Awsome shine, and a fantiastic write up. Lovely looking car! I think the VectraBs are very handsome looking cars and they look super when detailed to a high standard! Nice work! :thumb:


----------



## gary (Feb 25, 2006)

wow,what can you say apart from stunning job steve!:thumb:


----------



## stewarty.c (Mar 8, 2006)

excellent work steve must say i think black is starting to become my favorite colour in a car because the shine that it creates when detailed right


----------



## Bro (Apr 8, 2006)

Nice one guys, thats amazing what you managed to do with that fallout and scratches!!! Awesome result:thumb: Thats one nice vec you got there buddy, iam also a vec b gsi owner, mines is a titainium saloon and would love to get a finish like that on mine for the show season coming:driver: are you involved in any vauxhall clubs buddy???


----------



## Drew (Apr 12, 2006)

amazing, simply amazing!


----------



## Grizzle (Jul 12, 2006)

Steve once again amazing. just ordered a bottle of the sealant. was good meeting with ya last sunday i really cant belive that vectra it looks absolutely terrific


----------



## Beeste (Oct 25, 2005)

Stunning top drawer work again from the maestro. Fab!!


----------



## Thomas-182 (Mar 5, 2006)

Stunning, looks fantastic great shots of your work.


----------



## chowy (Apr 24, 2006)

Great job Steve! 
Is that your wharehouse that you use? 
It must be great to have somewhere with space to be able to detail.


----------



## dino (Oct 26, 2005)

Another fantastic detail session - car looks so good.

Great beading shots too!


----------



## Offyourmarks (Jan 4, 2006)

Hi steve, that was a nice read - after the first 'befores' i imagined that you would have a hard job - looks like the IP is extremley effective.
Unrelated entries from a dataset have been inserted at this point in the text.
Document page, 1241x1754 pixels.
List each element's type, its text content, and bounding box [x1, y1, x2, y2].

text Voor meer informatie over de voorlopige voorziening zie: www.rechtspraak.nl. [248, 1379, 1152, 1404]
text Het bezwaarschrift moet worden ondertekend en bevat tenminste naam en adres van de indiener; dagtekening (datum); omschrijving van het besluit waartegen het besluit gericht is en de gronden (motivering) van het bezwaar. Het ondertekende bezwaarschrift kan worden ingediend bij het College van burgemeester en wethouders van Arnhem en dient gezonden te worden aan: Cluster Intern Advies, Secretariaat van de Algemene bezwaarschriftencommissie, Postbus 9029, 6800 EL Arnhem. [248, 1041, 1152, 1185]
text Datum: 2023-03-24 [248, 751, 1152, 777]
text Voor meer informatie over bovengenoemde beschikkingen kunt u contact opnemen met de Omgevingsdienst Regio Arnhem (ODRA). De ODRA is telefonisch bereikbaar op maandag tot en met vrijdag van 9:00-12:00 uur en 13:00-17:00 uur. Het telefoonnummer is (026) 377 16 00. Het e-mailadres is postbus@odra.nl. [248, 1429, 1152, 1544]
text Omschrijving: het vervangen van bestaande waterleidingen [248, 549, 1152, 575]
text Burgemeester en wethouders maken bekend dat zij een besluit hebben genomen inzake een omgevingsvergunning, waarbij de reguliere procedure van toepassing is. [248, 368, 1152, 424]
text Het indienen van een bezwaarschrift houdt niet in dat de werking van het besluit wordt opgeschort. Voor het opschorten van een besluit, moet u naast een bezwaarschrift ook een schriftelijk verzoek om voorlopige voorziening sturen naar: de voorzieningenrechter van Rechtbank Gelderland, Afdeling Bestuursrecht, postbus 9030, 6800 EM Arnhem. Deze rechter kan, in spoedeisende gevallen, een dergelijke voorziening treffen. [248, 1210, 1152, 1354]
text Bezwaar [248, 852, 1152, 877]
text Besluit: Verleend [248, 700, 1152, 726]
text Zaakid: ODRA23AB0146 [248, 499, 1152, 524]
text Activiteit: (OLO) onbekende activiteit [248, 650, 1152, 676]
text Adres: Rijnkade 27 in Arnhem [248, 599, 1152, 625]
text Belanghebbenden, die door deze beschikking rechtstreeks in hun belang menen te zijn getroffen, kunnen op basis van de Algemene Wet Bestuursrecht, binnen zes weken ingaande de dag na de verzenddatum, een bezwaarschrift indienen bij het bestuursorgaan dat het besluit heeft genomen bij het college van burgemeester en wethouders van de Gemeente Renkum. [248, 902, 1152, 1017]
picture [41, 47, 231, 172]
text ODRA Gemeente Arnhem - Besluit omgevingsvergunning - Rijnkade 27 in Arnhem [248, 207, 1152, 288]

I bought some myself and its so good.

Hows the new land aquisition coming off?

Matt


----------



## Finerdetails (Apr 30, 2006)

great detail Steve, the 'story boards' of the details are as much a driver as the detail results now....
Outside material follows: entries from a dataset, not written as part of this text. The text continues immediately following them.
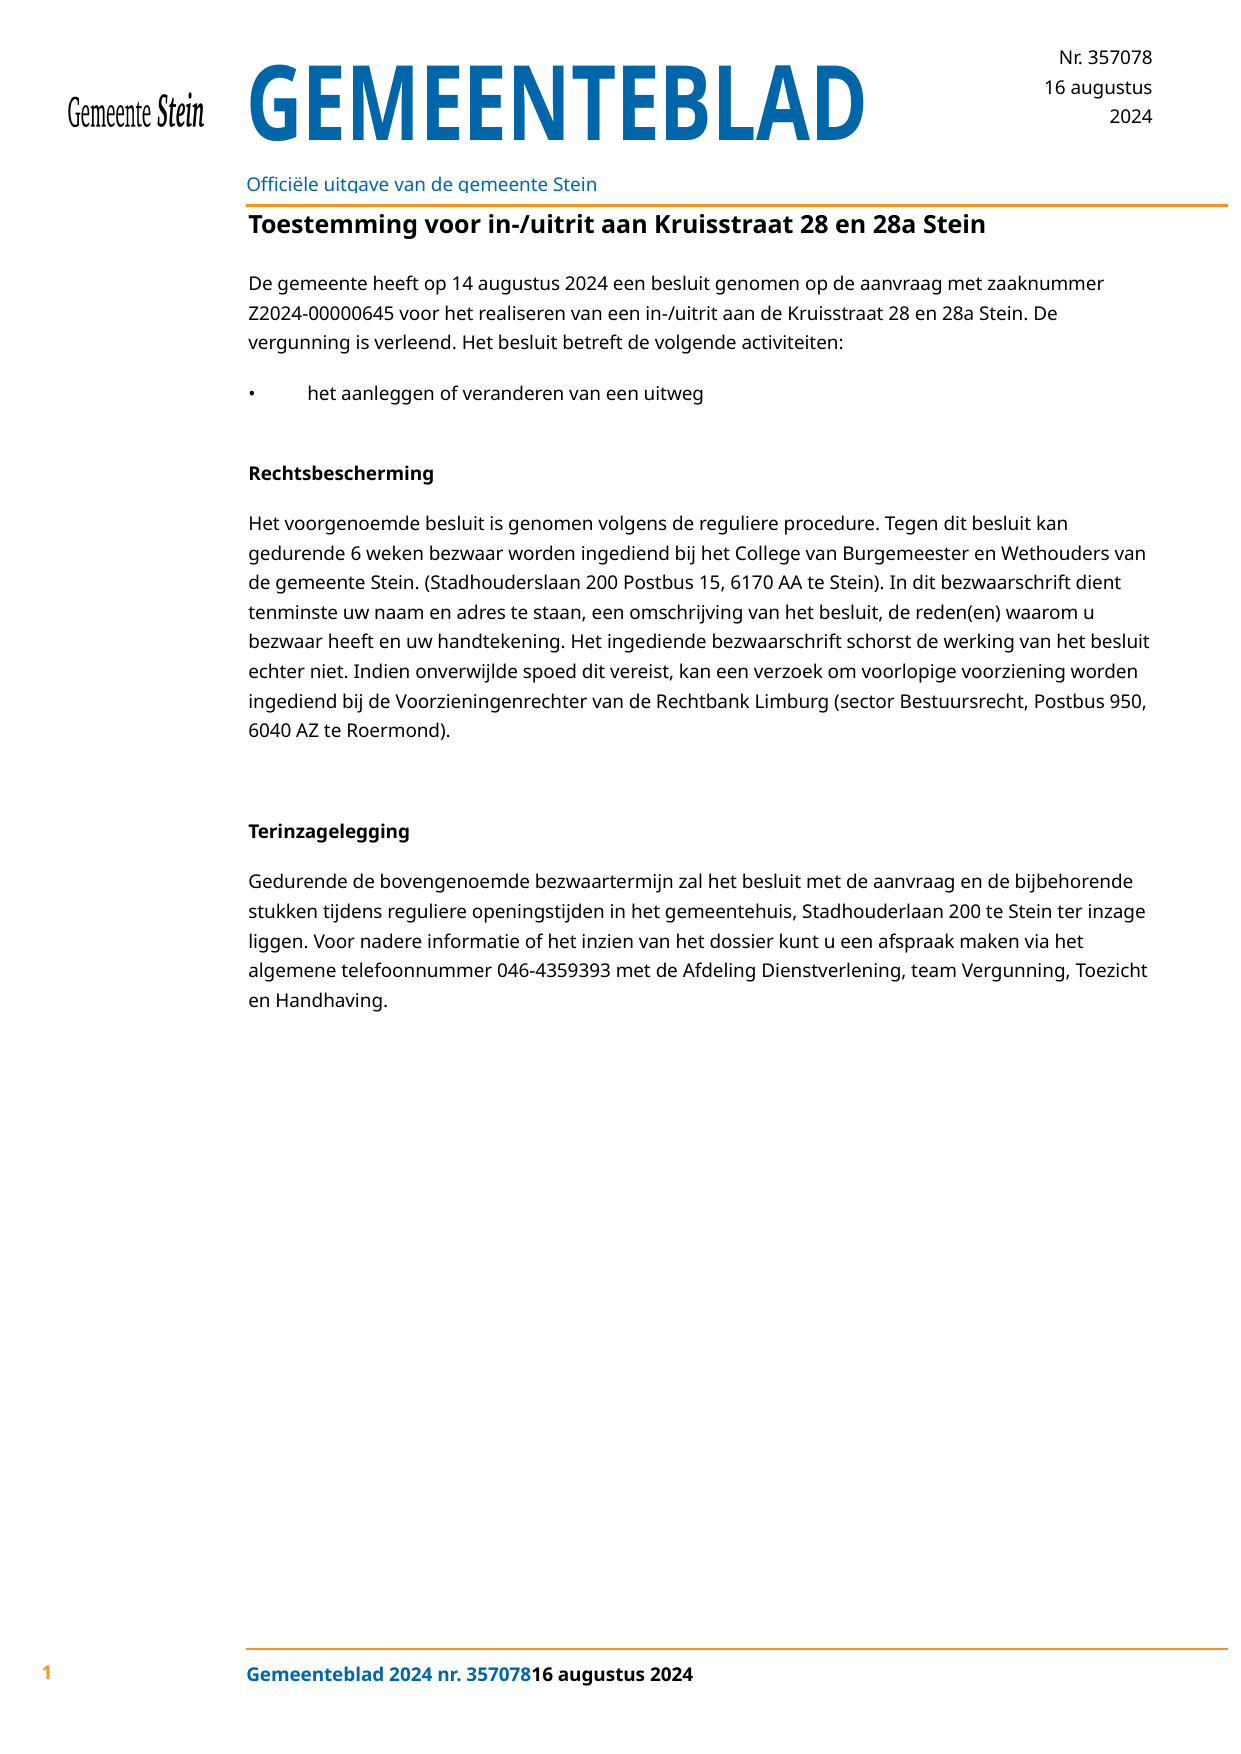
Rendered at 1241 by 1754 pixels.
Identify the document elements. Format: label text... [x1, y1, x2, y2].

text Rechtsbescherming [248, 460, 1152, 486]
text Terinzagelegging [248, 818, 1152, 844]
picture [41, 47, 231, 172]
text De gemeente heeft op 14 augustus 2024 een besluit genomen op de aanvraag met zaaknummer Z2024-00000645 voor het realiseren van een in-/uitrit aan de Kruisstraat 28 en 28a Stein. De vergunning is verleend. Het besluit betreft de volgende activiteiten: [248, 270, 1152, 355]
text Het voorgenoemde besluit is genomen volgens de reguliere procedure. Tegen dit besluit kan gedurende 6 weken bezwaar worden ingediend bij het College van Burgemeester en Wethouders van de gemeente Stein. (Stadhouderslaan 200 Postbus 15, 6170 AA te Stein). In dit bezwaarschrift dient tenminste uw naam en adres te staan, een omschrijving van het besluit, de reden(en) waarom u bezwaar heeft en uw handtekening. Het ingediende bezwaarschrift schorst de werking van het besluit echter niet. Indien onverwijlde spoed dit vereist, kan een verzoek om voorlopige voorziening worden ingediend bij de Voorzieningenrechter van de Rechtbank Limburg (sector Bestuursrecht, Postbus 950, 6040 AZ te Roermond). [248, 510, 1152, 743]
text Toestemming voor in-/uitrit aan Kruisstraat 28 en 28a Stein [248, 207, 1152, 241]
text Gedurende de bovengenoemde bezwaartermijn zal het besluit met de aanvraag en de bijbehorende stukken tijdens reguliere openingstijden in het gemeentehuis, Stadhouderlaan 200 te Stein ter inzage liggen. Voor nadere informatie of het inzien van het dossier kunt u een afspraak maken via het algemene telefoonnummer 046-4359393 met de Afdeling Dienstverlening, team Vergunning, Toezicht en Handhaving. [248, 869, 1152, 1013]
list het aanleggen of veranderen van een uitweg [248, 380, 1152, 406]
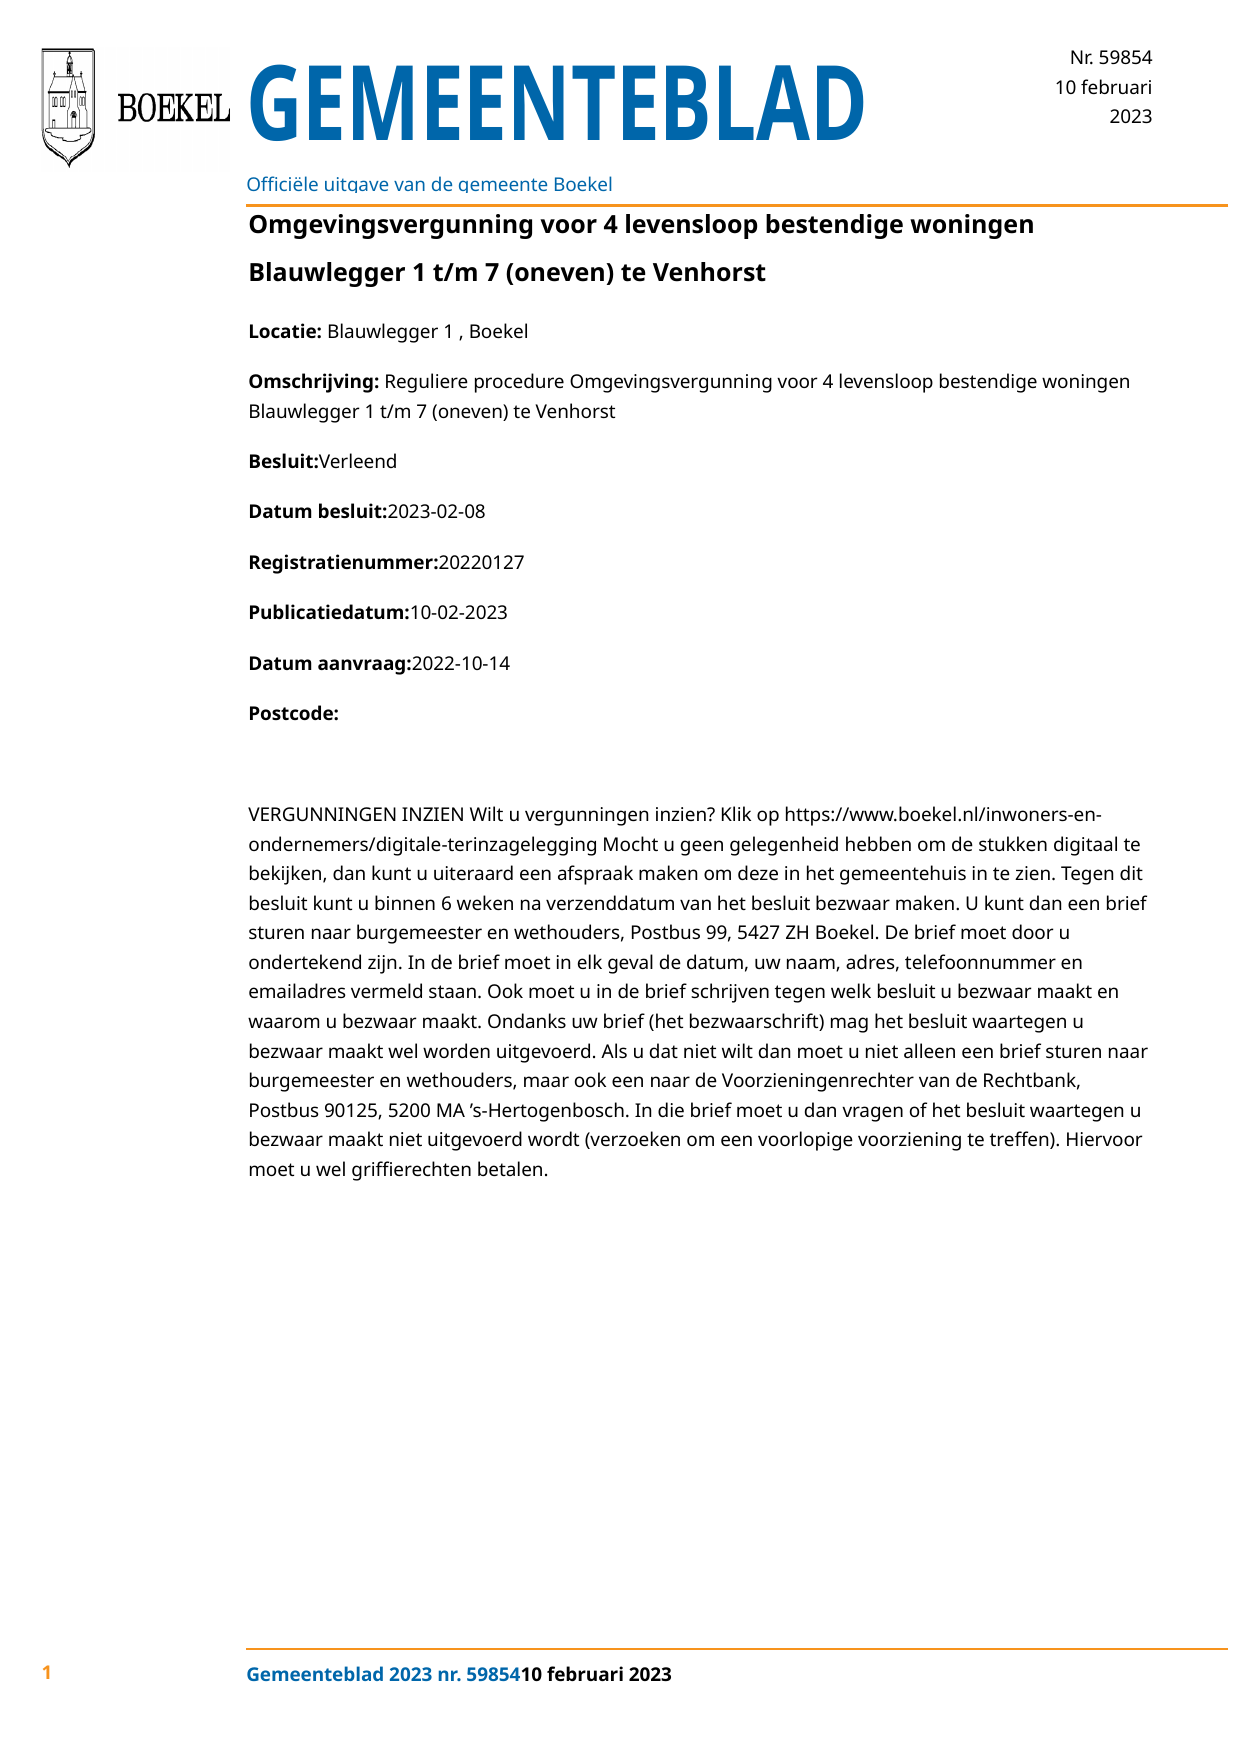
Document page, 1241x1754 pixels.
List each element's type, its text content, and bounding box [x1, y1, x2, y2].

picture [41, 47, 231, 172]
text Publicatiedatum:10-02-2023 [248, 599, 1152, 625]
text Postcode: [248, 700, 1152, 726]
text Omschrijving: Reguliere procedure Omgevingsvergunning voor 4 levensloop bestendige woningen Blauwlegger 1 t/m 7 (oneven) te Venhorst [248, 368, 1152, 424]
text Datum aanvraag:2022-10-14 [248, 650, 1152, 676]
text Besluit:Verleend [248, 448, 1152, 474]
text Registratienummer:20220127 [248, 549, 1152, 575]
text Locatie: Blauwlegger 1 , Boekel [248, 318, 1152, 344]
text VERGUNNINGEN INZIEN Wilt u vergunningen inzien? Klik op https://www.boekel.nl/inwoners-en-ondernemers/digitale-terinzagelegging Mocht u geen gelegenheid hebben om de stukken digitaal te bekijken, dan kunt u uiteraard een afspraak maken om deze in het gemeentehuis in te zien. Tegen dit besluit kunt u binnen 6 weken na verzenddatum van het besluit bezwaar maken. U kunt dan een brief sturen naar burgemeester en wethouders, Postbus 99, 5427 ZH Boekel. De brief moet door u ondertekend zijn. In de brief moet in elk geval de datum, uw naam, adres, telefoonnummer en emailadres vermeld staan. Ook moet u in de brief schrijven tegen welk besluit u bezwaar maakt en waarom u bezwaar maakt. Ondanks uw brief (het bezwaarschrift) mag het besluit waartegen u bezwaar maakt wel worden uitgevoerd. Als u dat niet wilt dan moet u niet alleen een brief sturen naar burgemeester en wethouders, maar ook een naar de Voorzieningenrechter van de Rechtbank, Postbus 90125, 5200 MA ’s-Hertogenbosch. In die brief moet u dan vragen of het besluit waartegen u bezwaar maakt niet uitgevoerd wordt (verzoeken om een voorlopige voorziening te treffen). Hiervoor moet u wel griffierechten betalen. [248, 801, 1152, 1182]
text Omgevingsvergunning voor 4 levensloop bestendige woningen Blauwlegger 1 t/m 7 (oneven) te Venhorst [248, 207, 1152, 288]
text Datum besluit:2023-02-08 [248, 499, 1152, 524]

Mick- next time you rinse the wheels can you keep your eyes open so you can see what you are doing? lol ;-)

Iain


----------



## joe (Jan 2, 2006)

Fantastic detail! 

That car looks brand new! Great work! 

What a shame it had to rain as it was run out of the workshop!


----------



## CK888 (Apr 23, 2006)

Wow the car looks super glossy.


----------



## v6mick (Apr 22, 2006)

cheers guys i am a member of vectra-sport.com



Bro said:


> Nice one guys, thats amazing what you managed to do with that fallout and scratches!!! Awesome result:thumb: Thats one nice vec you got there buddy, iam also a vec b gsi owner, mines is a titainium saloon and would love to get a finish like that on mine for the show season coming:driver: are you involved in any vauxhall clubs buddy???


----------